You are viewing a plain text version of this content. The canonical link for it is here.
Posted to dev@avro.apache.org by "Felix GV (JIRA)" <ji...@apache.org> on 2017/09/02 14:53:00 UTC

[jira] [Comment Edited] (AVRO-1340) use default to allow old readers to specify default enum value when encountering new enum symbols

    [ https://issues.apache.org/jira/browse/AVRO-1340?page=com.atlassian.jira.plugin.system.issuetabpanels:comment-tabpanel&focusedCommentId=16151515#comment-16151515 ] 

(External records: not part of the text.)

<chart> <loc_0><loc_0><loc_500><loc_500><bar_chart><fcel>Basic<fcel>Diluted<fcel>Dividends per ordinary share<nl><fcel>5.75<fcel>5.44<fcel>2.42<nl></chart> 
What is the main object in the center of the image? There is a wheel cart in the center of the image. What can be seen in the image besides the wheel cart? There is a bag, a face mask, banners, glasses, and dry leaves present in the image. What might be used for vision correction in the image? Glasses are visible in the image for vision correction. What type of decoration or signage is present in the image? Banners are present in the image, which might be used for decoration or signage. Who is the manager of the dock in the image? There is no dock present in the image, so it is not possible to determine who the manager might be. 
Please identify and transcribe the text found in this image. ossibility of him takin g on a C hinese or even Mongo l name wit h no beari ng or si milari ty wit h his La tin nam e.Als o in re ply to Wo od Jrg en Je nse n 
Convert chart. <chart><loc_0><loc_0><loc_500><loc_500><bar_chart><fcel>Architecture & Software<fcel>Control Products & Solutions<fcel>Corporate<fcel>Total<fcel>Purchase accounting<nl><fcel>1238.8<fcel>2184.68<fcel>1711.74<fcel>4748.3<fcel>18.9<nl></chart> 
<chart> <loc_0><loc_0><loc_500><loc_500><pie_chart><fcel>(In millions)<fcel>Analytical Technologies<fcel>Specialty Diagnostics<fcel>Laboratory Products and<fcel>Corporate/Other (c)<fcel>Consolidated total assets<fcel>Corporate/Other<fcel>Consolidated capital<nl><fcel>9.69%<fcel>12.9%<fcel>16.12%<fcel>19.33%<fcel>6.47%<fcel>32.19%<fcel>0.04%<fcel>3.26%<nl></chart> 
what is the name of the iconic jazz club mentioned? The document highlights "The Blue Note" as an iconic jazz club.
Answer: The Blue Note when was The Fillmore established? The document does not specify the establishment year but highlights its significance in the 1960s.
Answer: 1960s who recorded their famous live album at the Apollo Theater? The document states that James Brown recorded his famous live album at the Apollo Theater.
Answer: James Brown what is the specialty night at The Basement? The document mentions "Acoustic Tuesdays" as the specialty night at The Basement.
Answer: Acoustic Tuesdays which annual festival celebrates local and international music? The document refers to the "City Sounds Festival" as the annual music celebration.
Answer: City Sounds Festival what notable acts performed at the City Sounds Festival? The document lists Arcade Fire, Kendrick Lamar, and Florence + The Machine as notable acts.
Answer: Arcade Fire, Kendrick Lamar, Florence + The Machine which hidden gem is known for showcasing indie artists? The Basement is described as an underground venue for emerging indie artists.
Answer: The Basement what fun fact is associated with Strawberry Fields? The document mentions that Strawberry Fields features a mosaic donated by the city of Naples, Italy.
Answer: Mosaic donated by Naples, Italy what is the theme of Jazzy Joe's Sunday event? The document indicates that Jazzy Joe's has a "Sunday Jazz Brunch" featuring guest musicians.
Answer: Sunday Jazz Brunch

Felix GV edited comment on AVRO-1340 at 9/2/17 2:52 PM:
--------------------------------------------------------

It seems to me like symbolAliases offer a lot of overlap with the functionality of the fallbackSymbol. If the desired long-term direction is to have symbolAliases (which I'm still not convinced is useful, but I wouldn't mind having them anyway) then it may be less confusing overall to have JUST symbolAliases and not the fallbackSymbol as well.

Otherwise, having both creates yet another set of edge cases stemming from the combination of the two concepts. While it is definitely possible to come up with appropriate policies for all such edge cases and make the implementation compliant with those policies, I am still wary of the cognitive burden that it will place on developers. A simple API is a very valuable asset.

For example: let's take the HTTP response code logging example from above, assuming [~zolyfarkas]'s V3 as the starting point.

V3:
"name":"httpResponseCode",
"symbols":["UNKNOWN", "200", "404", "500", "300"],
"fallbackSymbol": "UNKNOWN"

V4:
"name":"httpResponseCode",
"symbols":["UNKNOWN", "200", "404", "500", "300"],
"symbolAliases":{"300":["301", "302"]},
"fallbackSymbol": "UNKNOWN"

V5:
"name":"httpResponseCode",
"symbols":["UNKNOWN", "200", "404", "500", "300", "301", "302"],
"symbolAliases":{"300":["301", "302"]},
"fallbackSymbol": "UNKNOWN"

V6:
"name":"httpResponseCode",
"symbols":["UNKNOWN", "200", "404", "500", "300", "301", "302"],
"fallbackSymbol": "UNKNOWN"

Which of these schemas are supposed to be compatible with one another, and what is the outcome of sending 301 between the various combinations? Let's take a stab at it:

V5->V3: Do I use the writer's translation rule or the reader's? If I use the writer's, then my 301 will be read as 300, if I use the reader's, then it'll be read as UNKNOWN.

V5->V4: Same fallback and aliases on both the reader and writer. Which of the two rules take precedence over the other?

V5->V6: Both have 301 defined, so no special rules come into play.

V6->V3: 301 is definitely UNKNOWN.

V6->V4: Do I do the opposite as the V5->V3 translation? i.e.: writer's rule changes 301 to UNKNOWN, reader's rule changes 301 to 300. Or do we instead disregard reader and writer as the criterion, and rather give precedence to one type of rule over the other (aliases take precedence over fallback, no matter which side they're defined on, or vice versa). Moving on.

V6->V5: Both have 301 defined, so no special rules come into play.

--

3 of the above translations (V5->V3, V5->V4, V6->V4) have ambiguous behaviour. Do we decide some translation rules for each of them and mark them as compatible? Or do we mark them as incompatible? Either of these seem to leave a bitter taste.

I would much rather have just a single enum evolution mechanism, either fallback, or aliases, but not both.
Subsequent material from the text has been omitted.